When an AI coding agent reads and writes across thousands of API calls in a single session, it accumulates a record of all the context it has already processed. Without optimization, the system spends compute re-processing that context on every new call. NVIDIA's new open-source inference software, Dynamo, claims to solve this with a distributed routing layer that keeps the right context on the right GPU at the right time.
The problem: the metric NVIDIA uses to demonstrate the severity of this problem is a 97.2 percent cache hit rate that was measured on managed API infrastructure running Anthropic's Claude, according to the company's technical documentation. That is the one environment where the problem is already solved. OpenAI and Anthropic already handle KV cache optimization transparently for their customers. NVIDIA's own numbers, by their own disclosure, were collected in the place where the pain is least acute.

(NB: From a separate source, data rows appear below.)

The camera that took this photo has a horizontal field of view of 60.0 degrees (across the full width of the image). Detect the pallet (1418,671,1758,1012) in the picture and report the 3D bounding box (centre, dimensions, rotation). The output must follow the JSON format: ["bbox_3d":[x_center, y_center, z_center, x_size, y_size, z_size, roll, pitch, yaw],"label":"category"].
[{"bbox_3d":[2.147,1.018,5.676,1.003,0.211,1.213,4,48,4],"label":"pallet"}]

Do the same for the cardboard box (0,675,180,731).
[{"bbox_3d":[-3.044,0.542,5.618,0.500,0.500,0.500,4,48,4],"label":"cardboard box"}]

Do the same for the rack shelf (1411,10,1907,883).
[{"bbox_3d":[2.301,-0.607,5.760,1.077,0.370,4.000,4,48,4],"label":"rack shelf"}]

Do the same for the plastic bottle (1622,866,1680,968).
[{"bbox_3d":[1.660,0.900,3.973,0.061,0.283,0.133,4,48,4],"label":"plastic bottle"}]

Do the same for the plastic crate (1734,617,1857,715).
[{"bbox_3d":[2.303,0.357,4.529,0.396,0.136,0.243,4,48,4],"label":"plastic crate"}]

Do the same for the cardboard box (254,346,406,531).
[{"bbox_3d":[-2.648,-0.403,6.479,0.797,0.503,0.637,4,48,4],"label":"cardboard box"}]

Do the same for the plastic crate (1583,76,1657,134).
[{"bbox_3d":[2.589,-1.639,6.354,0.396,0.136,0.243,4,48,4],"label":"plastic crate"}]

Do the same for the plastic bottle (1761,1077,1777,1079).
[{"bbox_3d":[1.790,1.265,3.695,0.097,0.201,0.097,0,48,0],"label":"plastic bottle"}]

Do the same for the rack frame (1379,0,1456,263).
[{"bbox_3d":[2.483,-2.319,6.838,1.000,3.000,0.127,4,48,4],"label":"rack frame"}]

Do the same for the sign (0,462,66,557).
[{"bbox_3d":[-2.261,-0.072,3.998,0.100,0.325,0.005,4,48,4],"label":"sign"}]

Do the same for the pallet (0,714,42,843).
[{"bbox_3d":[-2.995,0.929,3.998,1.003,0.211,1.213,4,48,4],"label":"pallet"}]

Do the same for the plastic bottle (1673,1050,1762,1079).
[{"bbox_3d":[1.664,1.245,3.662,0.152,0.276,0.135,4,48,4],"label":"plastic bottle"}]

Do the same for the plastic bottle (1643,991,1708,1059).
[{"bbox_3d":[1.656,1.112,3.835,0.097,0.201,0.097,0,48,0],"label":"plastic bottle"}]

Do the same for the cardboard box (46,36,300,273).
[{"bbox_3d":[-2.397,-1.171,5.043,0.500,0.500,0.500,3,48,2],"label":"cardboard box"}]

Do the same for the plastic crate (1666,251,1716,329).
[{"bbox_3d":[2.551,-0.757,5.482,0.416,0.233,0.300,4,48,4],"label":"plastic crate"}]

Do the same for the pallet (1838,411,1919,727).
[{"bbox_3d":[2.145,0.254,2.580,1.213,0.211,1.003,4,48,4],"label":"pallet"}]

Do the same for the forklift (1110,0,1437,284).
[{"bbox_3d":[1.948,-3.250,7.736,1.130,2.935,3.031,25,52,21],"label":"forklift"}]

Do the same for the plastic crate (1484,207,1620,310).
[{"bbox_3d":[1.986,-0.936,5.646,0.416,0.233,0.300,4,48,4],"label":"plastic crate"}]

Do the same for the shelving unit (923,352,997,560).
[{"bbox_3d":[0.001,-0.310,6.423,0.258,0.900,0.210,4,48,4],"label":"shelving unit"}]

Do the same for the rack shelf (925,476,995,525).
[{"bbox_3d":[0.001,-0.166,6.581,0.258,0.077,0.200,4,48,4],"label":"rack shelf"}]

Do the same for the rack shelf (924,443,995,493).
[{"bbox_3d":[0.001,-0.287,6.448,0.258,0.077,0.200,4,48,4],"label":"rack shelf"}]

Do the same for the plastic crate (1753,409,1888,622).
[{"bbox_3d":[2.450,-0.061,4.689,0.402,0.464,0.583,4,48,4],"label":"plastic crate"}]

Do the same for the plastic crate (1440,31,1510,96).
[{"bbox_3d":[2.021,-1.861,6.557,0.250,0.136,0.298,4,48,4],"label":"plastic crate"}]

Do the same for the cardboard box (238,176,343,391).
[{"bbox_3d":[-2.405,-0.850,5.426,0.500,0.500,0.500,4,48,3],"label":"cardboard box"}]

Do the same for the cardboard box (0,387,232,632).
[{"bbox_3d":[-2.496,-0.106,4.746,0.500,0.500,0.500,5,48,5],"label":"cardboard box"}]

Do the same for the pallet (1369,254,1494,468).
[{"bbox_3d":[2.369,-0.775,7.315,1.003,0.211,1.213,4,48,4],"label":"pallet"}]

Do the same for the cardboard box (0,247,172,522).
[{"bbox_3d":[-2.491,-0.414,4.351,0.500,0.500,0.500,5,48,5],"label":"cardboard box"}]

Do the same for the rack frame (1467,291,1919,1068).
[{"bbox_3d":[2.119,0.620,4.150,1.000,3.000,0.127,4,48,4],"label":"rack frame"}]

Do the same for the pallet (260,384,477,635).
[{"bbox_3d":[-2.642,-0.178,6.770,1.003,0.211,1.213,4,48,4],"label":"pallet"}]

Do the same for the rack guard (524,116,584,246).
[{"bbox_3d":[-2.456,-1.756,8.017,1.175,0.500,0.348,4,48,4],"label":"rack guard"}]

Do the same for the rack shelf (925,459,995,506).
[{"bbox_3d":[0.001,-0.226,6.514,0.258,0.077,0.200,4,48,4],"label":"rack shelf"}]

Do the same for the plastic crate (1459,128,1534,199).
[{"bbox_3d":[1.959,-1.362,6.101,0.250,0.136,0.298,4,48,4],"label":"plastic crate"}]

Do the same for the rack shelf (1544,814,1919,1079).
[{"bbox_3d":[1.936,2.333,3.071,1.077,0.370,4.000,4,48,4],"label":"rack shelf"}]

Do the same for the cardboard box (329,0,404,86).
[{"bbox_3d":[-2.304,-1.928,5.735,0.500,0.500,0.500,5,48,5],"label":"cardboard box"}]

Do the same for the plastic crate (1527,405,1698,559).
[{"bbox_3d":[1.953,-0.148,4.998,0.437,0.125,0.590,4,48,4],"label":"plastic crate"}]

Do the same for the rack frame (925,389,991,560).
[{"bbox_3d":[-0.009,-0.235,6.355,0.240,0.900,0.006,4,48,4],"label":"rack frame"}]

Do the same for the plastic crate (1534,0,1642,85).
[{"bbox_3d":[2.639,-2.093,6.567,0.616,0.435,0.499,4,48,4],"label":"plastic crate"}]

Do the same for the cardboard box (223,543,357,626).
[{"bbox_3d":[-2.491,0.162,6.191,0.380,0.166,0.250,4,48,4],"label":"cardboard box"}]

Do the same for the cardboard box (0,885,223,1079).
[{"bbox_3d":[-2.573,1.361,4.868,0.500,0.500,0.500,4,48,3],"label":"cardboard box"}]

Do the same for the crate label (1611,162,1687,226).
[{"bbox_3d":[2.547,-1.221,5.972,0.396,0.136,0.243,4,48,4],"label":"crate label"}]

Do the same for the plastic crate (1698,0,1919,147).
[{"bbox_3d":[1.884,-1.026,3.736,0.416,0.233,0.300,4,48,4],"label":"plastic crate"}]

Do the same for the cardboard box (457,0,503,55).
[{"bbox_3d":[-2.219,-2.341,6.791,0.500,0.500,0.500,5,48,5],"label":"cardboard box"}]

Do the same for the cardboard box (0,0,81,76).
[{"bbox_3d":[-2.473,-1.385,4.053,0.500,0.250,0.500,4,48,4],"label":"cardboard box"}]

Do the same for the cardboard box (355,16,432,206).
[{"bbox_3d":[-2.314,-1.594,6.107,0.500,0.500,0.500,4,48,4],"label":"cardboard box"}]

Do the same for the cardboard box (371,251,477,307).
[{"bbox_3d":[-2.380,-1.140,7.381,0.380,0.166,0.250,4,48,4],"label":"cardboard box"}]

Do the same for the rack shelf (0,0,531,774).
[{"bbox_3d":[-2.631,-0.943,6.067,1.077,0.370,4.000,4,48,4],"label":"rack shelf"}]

The 7x Blackwell inference performance claim comes from a SemiAnalysis and InferenceX benchmark, not independent production measurement. NVIDIA does not claim otherwise. The production evidence it does offer, Stripe merging 1,300 pull requests per week, Ramp attributing 30 percent of merged code to AI agents, and Spotify generating more than 650 agent pull requests per month, traces to company engineering posts published between November and January. These are real numbers from real deployments. They are also self-reported by companies citing themselves, and the oldest is five months stale.
What NVIDIA has announced is a coherent architectural argument. Agentic inference differs structurally from batch inference: sessions run for hours, accumulate context across thousands of API calls, and generate irregular read-write patterns that stress cache infrastructure in ways batch workloads do not. Dynamo handles request routing across a distributed GPU environment, deciding which GPU handles which task, how results aggregate, and how the system recovers when a session spans multiple machines. The company calls it the distributed operating system of AI factories. The list of integrations and adopters is long: AWS, Microsoft Azure, Google Cloud, Oracle Cloud Infrastructure, CoreWeave, Cursor, Perplexity, ByteDance, PayPal, and Pinterest have adopted or integrated Dynamo, along with inference frameworks SGLang, vLLM, TensorRT-LLM, LangChain, llm-d, and LMCache, according to NVIDIA's newsroom announcement.
Whether that architectural argument translates to production efficiency at scale is the open question. The adoption list is long. The production proof, which adopters are running Dynamo at scale versus evaluating it, is not in the announcement. Dynamo is open source and available now.